• City Room: The two avenues for news
    November 19,2012

    When Seth Parry was shot on Brooklyn Street on Thursday afternoon, the word spread like wildfire.

    While Parry’s injuries were not life-threatening, the incident, which occurred shortly after 5:30 p.m., created a cascade of information.

    Within minutes of the 911 call, which was made by someone Parry was with at the time of the shooting, The Times Argus had a photographer and a reporter on the scene. They did their jobs by trying to gather information, observe and provide information for the waiting public. At the same time the news staff showed up, I posted the news on The Times Argus’ Facebook page.

    What happened next almost defies logic.

    As the photographer took photos of police interviewing people at the scene, and police searching the street with bright lights, and the reporter waited for confirmation of facts from the Barre Police Department, the post on Facebook started to tell a story.

    In minutes, the comments attached to the post had identified Parry, given away his address, his criminal record, personal information, and even speculation as to why he might have been shot.

    The people posting on Facebook started turning on one another, picking sides on whether Parry was a victim, a target, or may have even deserved to be attacked.

    Before 6 p.m., a half hour after a gunshot cut through the late afternoon rush-hour din, an entire cybercommunity was on alert, taking inventory, and perpetuating — in words — the attack that had just been performed on the street.

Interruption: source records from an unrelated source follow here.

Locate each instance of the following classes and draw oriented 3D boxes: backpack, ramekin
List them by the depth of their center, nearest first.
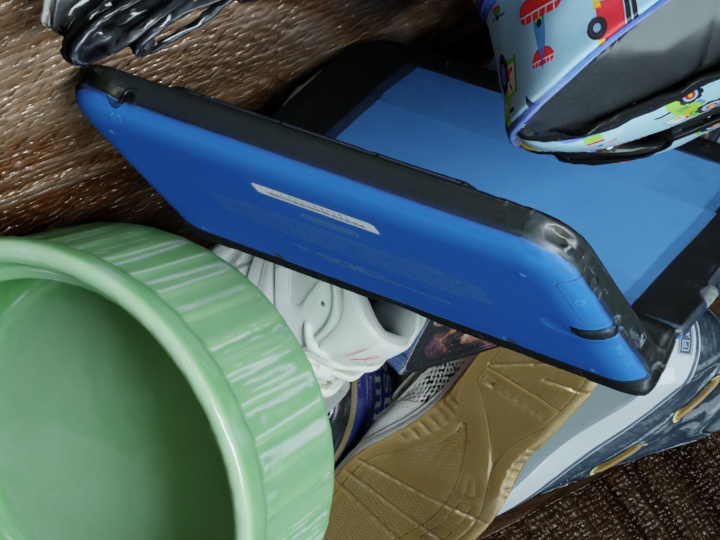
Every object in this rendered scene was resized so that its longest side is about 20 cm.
[{"bbox_3d":[0.118,-0.124,0.894,0.200,0.135,0.182,-34,169,18],"label":"backpack"},{"bbox_3d":[-0.107,0.077,1.078,0.200,0.201,0.098,-36,175,29],"label":"ramekin"}]

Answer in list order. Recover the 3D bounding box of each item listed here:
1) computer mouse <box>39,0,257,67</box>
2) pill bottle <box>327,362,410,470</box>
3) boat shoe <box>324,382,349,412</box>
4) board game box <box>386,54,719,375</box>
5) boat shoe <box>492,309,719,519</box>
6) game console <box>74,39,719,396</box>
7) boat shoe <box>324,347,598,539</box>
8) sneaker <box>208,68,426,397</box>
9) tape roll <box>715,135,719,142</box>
[{"bbox_3d":[-0.004,-0.124,0.814,0.138,0.053,0.200,-22,178,-35],"label":"computer mouse"},{"bbox_3d":[-0.035,0.063,1.417,0.112,0.112,0.200,-32,170,11],"label":"pill bottle"},{"bbox_3d":[-0.098,0.076,1.254,0.199,0.060,0.074,-30,164,-25],"label":"boat shoe"},{"bbox_3d":[0.091,-0.048,1.160,0.135,0.035,0.201,-14,144,-40],"label":"board game box"},{"bbox_3d":[0.109,0.076,1.380,0.091,0.071,0.200,12,146,-44],"label":"boat shoe"},{"bbox_3d":[0.031,-0.047,0.981,0.119,0.199,0.171,-64,152,-14],"label":"game console"},{"bbox_3d":[0.050,0.071,1.329,0.200,0.071,0.069,-45,-165,29],"label":"boat shoe"},{"bbox_3d":[-0.024,0.020,1.111,0.078,0.099,0.201,15,110,-39],"label":"sneaker"},{"bbox_3d":[0.222,-0.105,1.178,0.037,0.204,0.203,32,130,-27],"label":"tape roll"}]
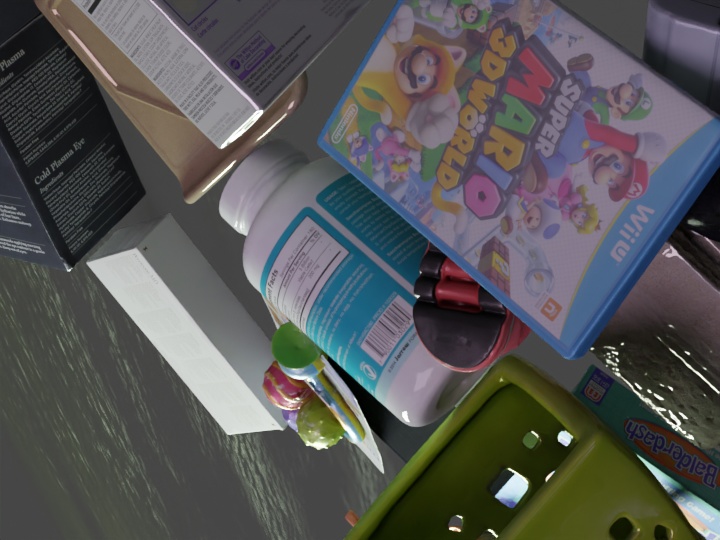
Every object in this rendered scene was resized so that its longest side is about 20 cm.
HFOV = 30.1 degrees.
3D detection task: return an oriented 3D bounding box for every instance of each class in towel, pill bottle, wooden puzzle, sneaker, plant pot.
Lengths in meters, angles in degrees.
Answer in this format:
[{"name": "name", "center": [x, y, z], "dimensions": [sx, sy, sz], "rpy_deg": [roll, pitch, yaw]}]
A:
[{"name": "towel", "center": [0.181, 0.024, 0.819], "dimensions": [0.200, 0.034, 0.133], "rpy_deg": [42, 147, -2]}, {"name": "pill bottle", "center": [0.000, 0.000, 0.877], "dimensions": [0.200, 0.111, 0.111], "rpy_deg": [42, 147, 18]}, {"name": "wooden puzzle", "center": [-0.128, -0.160, 0.886], "dimensions": [0.200, 0.037, 0.185], "rpy_deg": [55, 144, -2]}, {"name": "sneaker", "center": [0.080, -0.044, 0.770], "dimensions": [0.074, 0.087, 0.201], "rpy_deg": [13, 98, 32]}, {"name": "plant pot", "center": [0.115, 0.194, 0.809], "dimensions": [0.181, 0.200, 0.199], "rpy_deg": [40, -178, -12]}]

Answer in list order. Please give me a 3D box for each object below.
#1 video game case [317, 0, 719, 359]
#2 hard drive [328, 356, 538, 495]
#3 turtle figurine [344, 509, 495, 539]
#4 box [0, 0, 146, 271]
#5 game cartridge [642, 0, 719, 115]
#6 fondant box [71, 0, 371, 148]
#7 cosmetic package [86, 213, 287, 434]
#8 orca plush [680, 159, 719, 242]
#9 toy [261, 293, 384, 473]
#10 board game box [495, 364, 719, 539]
[{"name": "video game case", "center": [0.079, -0.070, 0.707], "dimensions": [0.200, 0.018, 0.143], "rpy_deg": [42, 112, 26]}, {"name": "hard drive", "center": [0.037, 0.080, 0.974], "dimensions": [0.200, 0.042, 0.135], "rpy_deg": [46, 147, 13]}, {"name": "turtle figurine", "center": [0.090, 0.234, 1.077], "dimensions": [0.200, 0.064, 0.161], "rpy_deg": [19, 164, 14]}, {"name": "box", "center": [-0.297, -0.114, 1.043], "dimensions": [0.200, 0.104, 0.182], "rpy_deg": [12, 138, 33]}, {"name": "game cartridge", "center": [0.234, -0.061, 0.676], "dimensions": [0.200, 0.042, 0.133], "rpy_deg": [22, 137, 24]}, {"name": "fondant box", "center": [-0.095, -0.189, 0.738], "dimensions": [0.200, 0.144, 0.058], "rpy_deg": [46, 146, -9]}, {"name": "cosmetic package", "center": [-0.133, 0.048, 1.118], "dimensions": [0.082, 0.051, 0.200], "rpy_deg": [-10, 122, 50]}, {"name": "orca plush", "center": [0.231, -0.014, 0.638], "dimensions": [0.200, 0.071, 0.105], "rpy_deg": [24, 142, 21]}, {"name": "toy", "center": [-0.040, 0.092, 0.989], "dimensions": [0.115, 0.047, 0.200], "rpy_deg": [49, 167, 22]}, {"name": "board game box", "center": [0.184, 0.171, 0.970], "dimensions": [0.152, 0.045, 0.200], "rpy_deg": [35, 144, 8]}]
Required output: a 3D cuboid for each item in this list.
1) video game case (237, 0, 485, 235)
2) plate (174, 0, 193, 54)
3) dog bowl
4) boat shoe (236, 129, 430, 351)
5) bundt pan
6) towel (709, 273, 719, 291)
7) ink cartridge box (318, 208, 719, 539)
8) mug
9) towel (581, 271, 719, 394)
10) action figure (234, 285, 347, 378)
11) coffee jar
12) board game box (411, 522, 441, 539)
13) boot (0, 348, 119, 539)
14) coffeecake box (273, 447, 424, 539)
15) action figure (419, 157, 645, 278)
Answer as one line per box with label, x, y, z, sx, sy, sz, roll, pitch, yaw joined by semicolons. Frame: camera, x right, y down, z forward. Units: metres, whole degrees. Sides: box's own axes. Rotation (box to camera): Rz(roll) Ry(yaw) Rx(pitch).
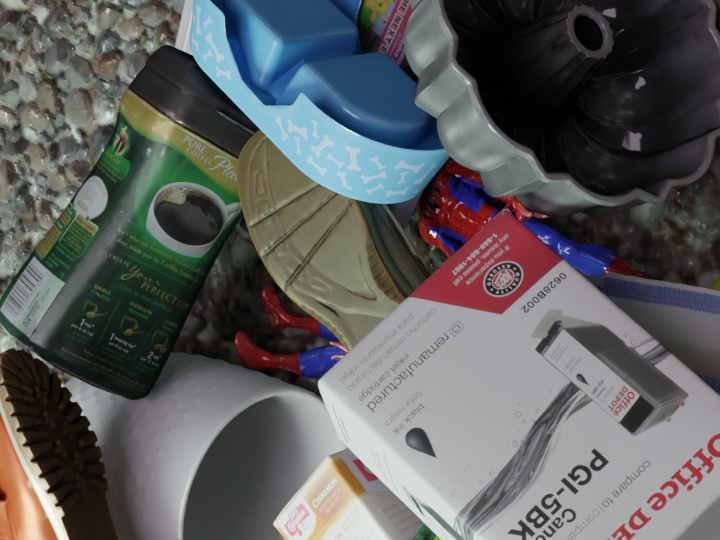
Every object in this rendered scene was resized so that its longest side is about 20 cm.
video game case;-0.022;-0.106;1.344;0.182;0.023;0.201;38;112;32
plate;-0.047;-0.127;1.403;0.199;0.032;0.201;22;105;28
dog bowl;-0.023;-0.112;1.266;0.200;0.111;0.050;45;129;29
boat shoe;0.002;-0.001;1.286;0.073;0.063;0.201;-41;86;22
bundt pan;0.106;-0.117;1.221;0.076;0.201;0.203;-33;76;52
towel;0.229;0.087;1.256;0.144;0.023;0.201;42;114;21
ink cartridge box;0.099;0.089;1.154;0.147;0.083;0.200;-43;64;-12
mug;-0.134;0.140;1.387;0.175;0.200;0.148;16;138;42
towel;0.171;0.099;1.195;0.146;0.024;0.201;9;66;15
action figure;0.016;0.043;1.360;0.199;0.066;0.052;6;134;31
coffee jar;-0.127;-0.030;1.322;0.201;0.104;0.085;-58;34;4
board game box;0.102;0.136;1.218;0.105;0.200;0.023;35;156;10
boot;-0.197;0.150;1.282;0.107;0.075;0.201;-18;92;23
coffeecake box;0.071;0.183;1.280;0.200;0.153;0.073;52;130;17
action figure;0.091;-0.016;1.311;0.200;0.052;0.066;33;115;27
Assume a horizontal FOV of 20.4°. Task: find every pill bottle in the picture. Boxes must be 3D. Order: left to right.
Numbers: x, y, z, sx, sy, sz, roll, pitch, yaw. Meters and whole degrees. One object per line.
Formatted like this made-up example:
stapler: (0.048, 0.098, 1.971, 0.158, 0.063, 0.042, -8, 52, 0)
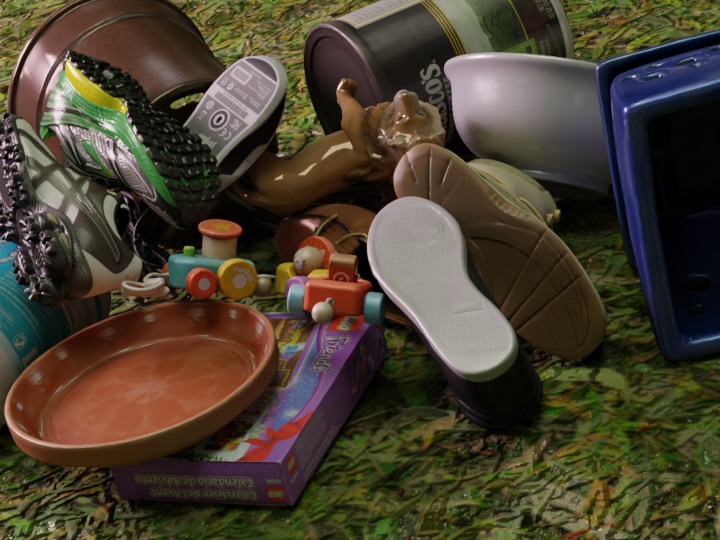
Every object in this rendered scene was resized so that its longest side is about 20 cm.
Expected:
pill bottle: (-0.268, 0.036, 1.563, 0.110, 0.111, 0.200, 3, 31, 29)

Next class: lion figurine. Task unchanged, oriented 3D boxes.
lion figurine: (-0.028, -0.088, 1.612, 0.199, 0.073, 0.123, -31, 38, 7)

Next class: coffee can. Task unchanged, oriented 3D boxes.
coffee can: (0.070, -0.185, 1.791, 0.199, 0.147, 0.146, -25, 30, -23)

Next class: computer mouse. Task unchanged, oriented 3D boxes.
computer mouse: (-0.122, -0.083, 1.596, 0.200, 0.044, 0.110, -48, 49, -2)

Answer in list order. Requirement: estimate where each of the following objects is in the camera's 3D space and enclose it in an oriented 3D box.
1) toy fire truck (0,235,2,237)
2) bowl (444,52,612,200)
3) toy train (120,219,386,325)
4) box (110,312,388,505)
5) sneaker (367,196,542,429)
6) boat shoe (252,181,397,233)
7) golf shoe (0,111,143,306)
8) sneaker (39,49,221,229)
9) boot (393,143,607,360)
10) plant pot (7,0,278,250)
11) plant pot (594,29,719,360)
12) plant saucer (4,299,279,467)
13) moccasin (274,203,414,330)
toy fire truck: (-0.347, -0.083, 1.789, 0.048, 0.142, 0.200, -11, 27, 4)
bowl: (0.159, -0.110, 1.629, 0.200, 0.091, 0.201, 10, -5, 1)
toy train: (-0.067, -0.002, 1.464, 0.199, 0.056, 0.150, 7, 5, 16)
box: (-0.077, 0.095, 1.443, 0.136, 0.039, 0.200, -1, 29, 24)
sneaker: (0.065, 0.035, 1.414, 0.070, 0.099, 0.200, -28, 44, -3)
boat shoe: (-0.019, -0.067, 1.693, 0.199, 0.068, 0.072, 8, 36, 37)
golf shoe: (-0.229, -0.045, 1.536, 0.094, 0.078, 0.200, 0, 43, -29)
sneaker: (-0.180, -0.088, 1.570, 0.078, 0.086, 0.200, 10, 26, -46)
boot: (0.125, -0.015, 1.511, 0.200, 0.073, 0.155, 43, 15, 17)
plant pot: (-0.177, -0.121, 1.734, 0.199, 0.201, 0.198, -24, 32, -21)
plant pot: (0.277, -0.076, 1.448, 0.199, 0.201, 0.180, -14, 21, -1)
plant saucer: (-0.153, 0.083, 1.426, 0.199, 0.032, 0.201, -12, 26, 6)
moccasin: (0.000, 0.002, 1.560, 0.077, 0.074, 0.201, -22, 37, -37)
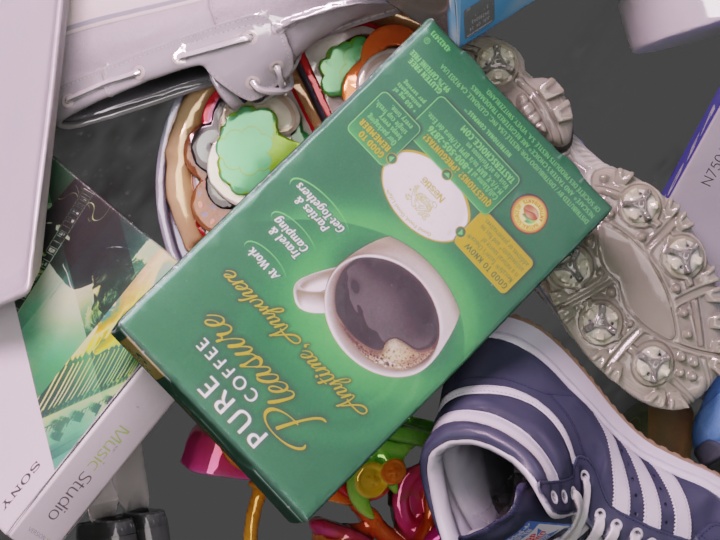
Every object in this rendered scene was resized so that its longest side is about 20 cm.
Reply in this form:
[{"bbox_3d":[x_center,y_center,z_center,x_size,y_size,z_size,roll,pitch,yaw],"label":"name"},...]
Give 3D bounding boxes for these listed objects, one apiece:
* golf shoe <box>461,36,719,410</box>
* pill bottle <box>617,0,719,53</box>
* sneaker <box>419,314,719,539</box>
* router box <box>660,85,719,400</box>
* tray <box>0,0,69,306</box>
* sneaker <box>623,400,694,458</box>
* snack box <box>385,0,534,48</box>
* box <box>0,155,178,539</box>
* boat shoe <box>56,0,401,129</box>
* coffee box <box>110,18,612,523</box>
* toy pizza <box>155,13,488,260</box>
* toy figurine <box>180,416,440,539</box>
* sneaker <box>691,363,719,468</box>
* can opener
[{"bbox_3d":[0.100,-0.019,1.285,0.078,0.097,0.200,-34,84,-9],"label":"golf shoe"},{"bbox_3d":[0.147,-0.213,1.308,0.119,0.120,0.201,-15,89,-1],"label":"pill bottle"},{"bbox_3d":[0.108,0.117,1.222,0.200,0.109,0.070,41,124,-7],"label":"sneaker"},{"bbox_3d":[0.231,-0.011,1.287,0.179,0.049,0.201,25,123,0],"label":"router box"},{"bbox_3d":[-0.175,-0.063,1.289,0.107,0.022,0.201,-20,56,39],"label":"tray"},{"bbox_3d":[0.093,0.150,1.320,0.089,0.067,0.201,18,91,-6],"label":"sneaker"},{"bbox_3d":[0.021,-0.188,1.275,0.116,0.037,0.200,-33,51,-25],"label":"snack box"},{"bbox_3d":[-0.160,0.026,1.276,0.145,0.036,0.200,-51,47,-2],"label":"box"},{"bbox_3d":[-0.063,-0.111,1.309,0.199,0.072,0.069,-9,80,8],"label":"boat shoe"},{"bbox_3d":[0.000,0.000,1.194,0.123,0.044,0.200,45,78,-5],"label":"coffee box"},{"bbox_3d":[-0.003,-0.043,1.344,0.199,0.032,0.201,0,88,-1],"label":"toy pizza"},{"bbox_3d":[-0.028,0.151,1.289,0.199,0.150,0.185,15,91,-15],"label":"toy figurine"},{"bbox_3d":[0.205,0.013,1.252,0.066,0.200,0.079,-17,62,-42],"label":"sneaker"},{"bbox_3d":[-0.124,0.136,1.335,0.066,0.053,0.201,-14,86,33],"label":"can opener"}]
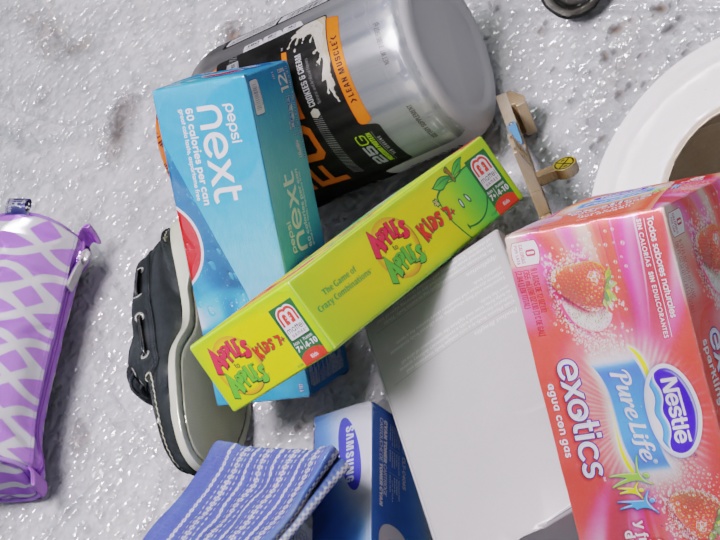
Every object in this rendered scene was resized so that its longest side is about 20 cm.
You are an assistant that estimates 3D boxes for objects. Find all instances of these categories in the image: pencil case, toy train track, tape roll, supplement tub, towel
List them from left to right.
[{"bbox_3d":[-0.233,0.058,1.702,0.085,0.084,0.201,3,65,14],"label":"pencil case"},{"bbox_3d":[-0.088,0.154,1.431,0.145,0.024,0.200,-50,13,-16],"label":"towel"},{"bbox_3d":[-0.024,-0.107,1.606,0.199,0.122,0.123,-23,51,27],"label":"supplement tub"},{"bbox_3d":[0.115,-0.055,1.493,0.032,0.115,0.200,-22,31,5],"label":"toy train track"},{"bbox_3d":[0.228,-0.036,1.398,0.202,0.071,0.203,-19,54,28],"label":"tape roll"}]

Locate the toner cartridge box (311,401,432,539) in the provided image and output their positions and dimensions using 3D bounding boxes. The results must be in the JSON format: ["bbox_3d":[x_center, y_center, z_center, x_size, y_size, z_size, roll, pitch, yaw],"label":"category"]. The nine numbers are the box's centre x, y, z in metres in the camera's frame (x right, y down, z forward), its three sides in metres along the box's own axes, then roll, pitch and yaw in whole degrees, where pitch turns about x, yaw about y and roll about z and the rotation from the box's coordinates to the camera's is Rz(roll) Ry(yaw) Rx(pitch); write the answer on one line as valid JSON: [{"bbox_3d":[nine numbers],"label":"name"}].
[{"bbox_3d":[0.015,0.183,1.411,0.043,0.095,0.201,-19,54,27],"label":"toner cartridge box"}]

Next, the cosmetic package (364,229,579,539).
[{"bbox_3d":[0.084,0.089,1.424,0.107,0.090,0.201,-32,50,19],"label":"cosmetic package"}]

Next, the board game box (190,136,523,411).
[{"bbox_3d":[0.000,0.000,1.472,0.101,0.048,0.200,-32,4,45],"label":"board game box"}]

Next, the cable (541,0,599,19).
[{"bbox_3d":[0.162,-0.258,1.582,0.200,0.097,0.050,-54,3,-8],"label":"cable"}]

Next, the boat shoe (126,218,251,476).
[{"bbox_3d":[-0.120,0.056,1.614,0.066,0.074,0.200,-29,50,27],"label":"boat shoe"}]

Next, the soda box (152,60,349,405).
[{"bbox_3d":[-0.066,-0.022,1.542,0.068,0.064,0.201,-7,100,25],"label":"soda box"}]

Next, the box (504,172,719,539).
[{"bbox_3d":[0.159,0.060,1.299,0.094,0.103,0.201,-11,96,32],"label":"box"}]

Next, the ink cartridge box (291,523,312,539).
[{"bbox_3d":[-0.072,0.247,1.472,0.109,0.050,0.201,-27,51,23],"label":"ink cartridge box"}]
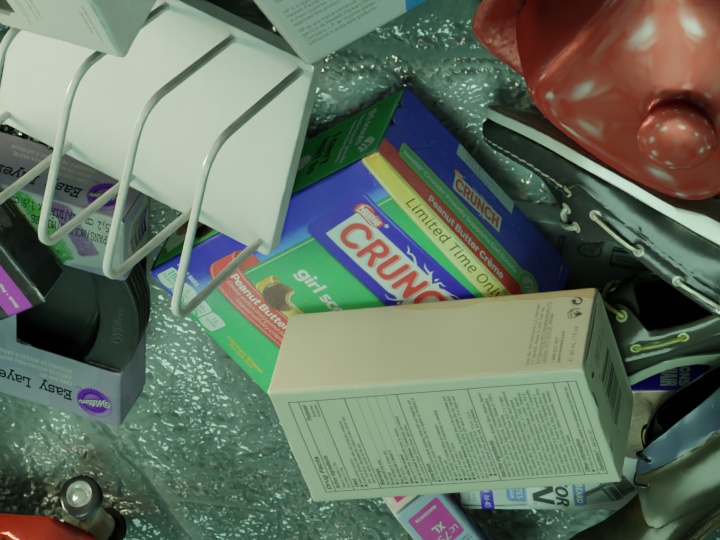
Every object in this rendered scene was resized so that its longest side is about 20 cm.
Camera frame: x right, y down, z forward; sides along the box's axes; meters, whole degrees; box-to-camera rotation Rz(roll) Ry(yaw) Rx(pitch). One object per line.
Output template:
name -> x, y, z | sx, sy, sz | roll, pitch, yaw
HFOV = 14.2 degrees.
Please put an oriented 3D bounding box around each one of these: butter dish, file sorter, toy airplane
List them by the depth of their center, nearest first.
butter dish -> 0.183, -0.116, 1.634 | 0.199, 0.148, 0.200 | 32, 129, -16
file sorter -> -0.148, -0.085, 1.685 | 0.199, 0.125, 0.139 | 27, 127, 16
toy airplane -> -0.269, 0.217, 2.009 | 0.199, 0.142, 0.199 | 22, 152, -27

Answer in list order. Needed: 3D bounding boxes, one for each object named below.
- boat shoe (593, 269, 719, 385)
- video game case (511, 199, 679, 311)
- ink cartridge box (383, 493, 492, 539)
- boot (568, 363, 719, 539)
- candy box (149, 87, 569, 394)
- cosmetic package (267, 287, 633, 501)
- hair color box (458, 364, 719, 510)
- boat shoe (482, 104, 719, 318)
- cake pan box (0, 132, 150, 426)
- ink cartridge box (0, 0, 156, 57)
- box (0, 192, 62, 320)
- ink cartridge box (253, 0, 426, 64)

    Meanwhile, the reporter and photographer were stuck in the dark and cold, being stonewalled by the police, who said the incident was under investigation. And while it did not appear that anyone in law enforcement was searching for the masked gunman who had fled after the scuffle and shooting, the online world was throwing caution to the wind, speculating, outing underworld secrets, floating rumors and, some might conclude, creating diversions to throw people tracking the public discussion off certain scents.

    Very quickly, the Facebook discussion took on a Wild West feel. With people clearly identified as the “posters,” the discussion went from “edge of the cyber-road” observing and gossiping to wholesale anarchy. Facts blurred with innuendo.

    For me, it reminded me of the Comments we allow on stories and articles behind our paywall. In the days before the paywall, anyone could make a comment, taking cover behind anonymity. The paywall allows us to track those mean-spirited, fight-picking commenters, and as a result, we see far fewer of them today. The paywall gave a name to a comment, and skimmed off the scum.

    Thursday’s online discourse had me wondering why we had attracted this particular crowd, and why this shooting was so meaningful to them.

    Our print version of the news provides vetted, processed, credible information. That Facebook post was raw information, unconfirmed and thrown into the ether for free. As fast as it was posted, it twisted and turned into something altogether different. Some people tried to keep the discussion fair and honest, but they were outnumbered.

    Social media, in some ways, has become nothing more than scanner traffic for certain followers. Ironically, those users are considered Friends on Facebook, and they can sit around and “like” threats and disparaging remarks.

    There was a huge demographic of readers who never saw the ugly strings of spite and vitriole about Barre, its reputation and some of its citizens.

    It was disheartening for me to watch this viral, real-time disfigurement of our community taking place. I was grateful for the work of my staffers and their professionalism. The incident reminded me that facts always are most important in any pursuit of the truth.

    Because with “friends” like these, you really don’t need enemies.

    Steven Pappas is editor of The Times Argus.